In addition, the cells were cultured in a normal gas incubator for 7 days. The cultured cells were then collected and resuspended in modified Stem Fit medium (Ajinomoto) (containing 10 μM Y27632 (Wako Pure Chemical Industries, Ltd.)) on a plate coated with a growth factor-reduced matrigel. did. Then, the number of cells was counted using a Vi-Cell cell counter (manufactured by Beckman Coulter). Cell numbers after 7 days is 7.9 × 10 ⁸ cells (3.0 × 10 ⁵ cells / cm ^2), proliferation efficiency of the cells was 187 times. The proliferation efficiency of human iPS cells is the ratio of the total number of cells in the cell culture device after 7 days to the number of seeded cells in the cell culture device.

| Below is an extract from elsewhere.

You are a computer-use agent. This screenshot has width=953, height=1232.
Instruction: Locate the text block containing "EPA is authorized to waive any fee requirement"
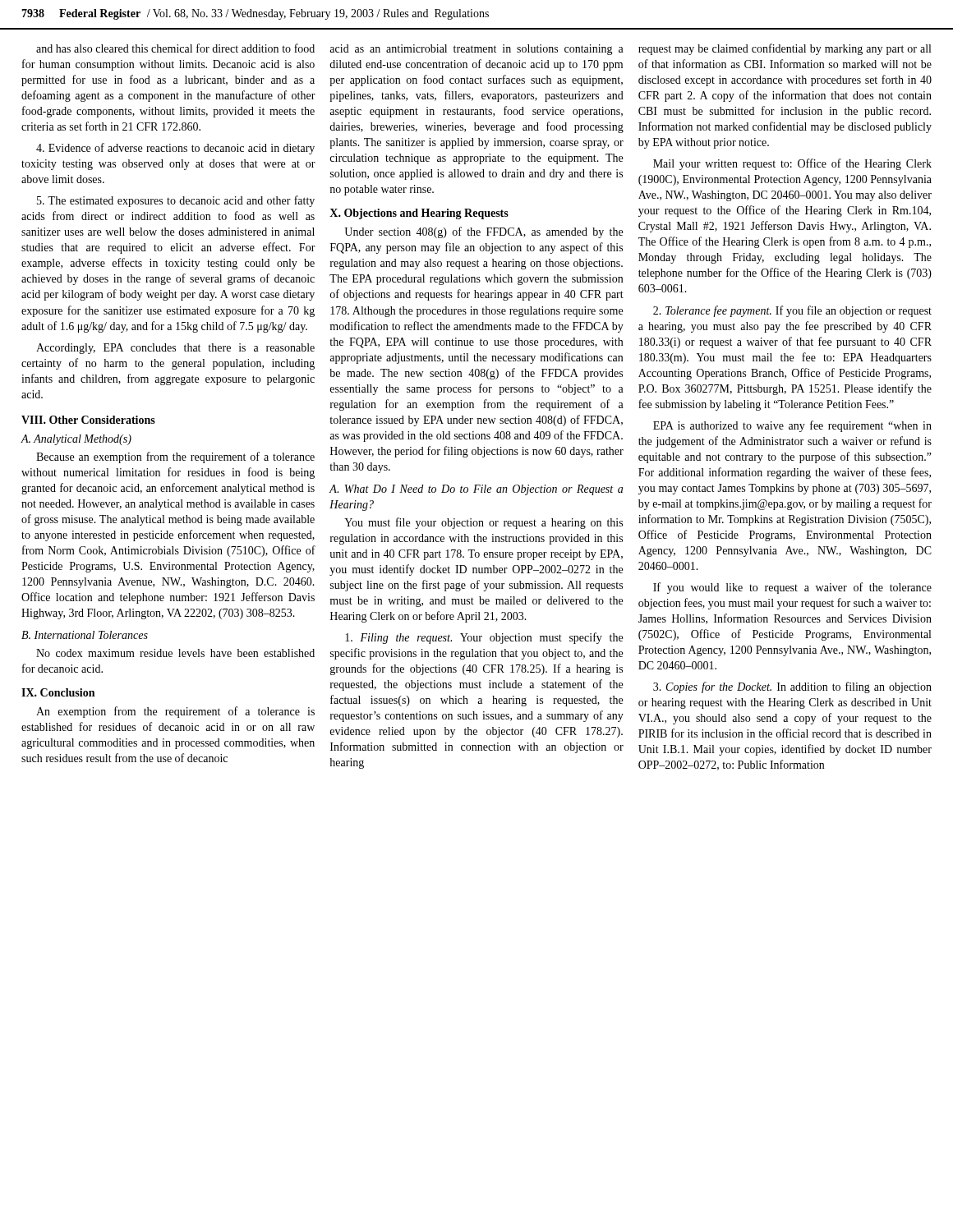pos(785,496)

3. 3. Confirmation of traits of human iPS cells (1) Alkaline phosphatase (ALP) staining Human iPS cells cultured for 7 days in "1." were stained using a Leukocyte Alkaline Phosphatase kit (manufactured by Sigma). The results are shown in FIG. 3B.

From FIG. 3B, all colonies were ALP-positive, and the pluripotency state was maintained. Also, as shown in FIG. 3B, human iPS cells were uniformly cultured throughout the plate.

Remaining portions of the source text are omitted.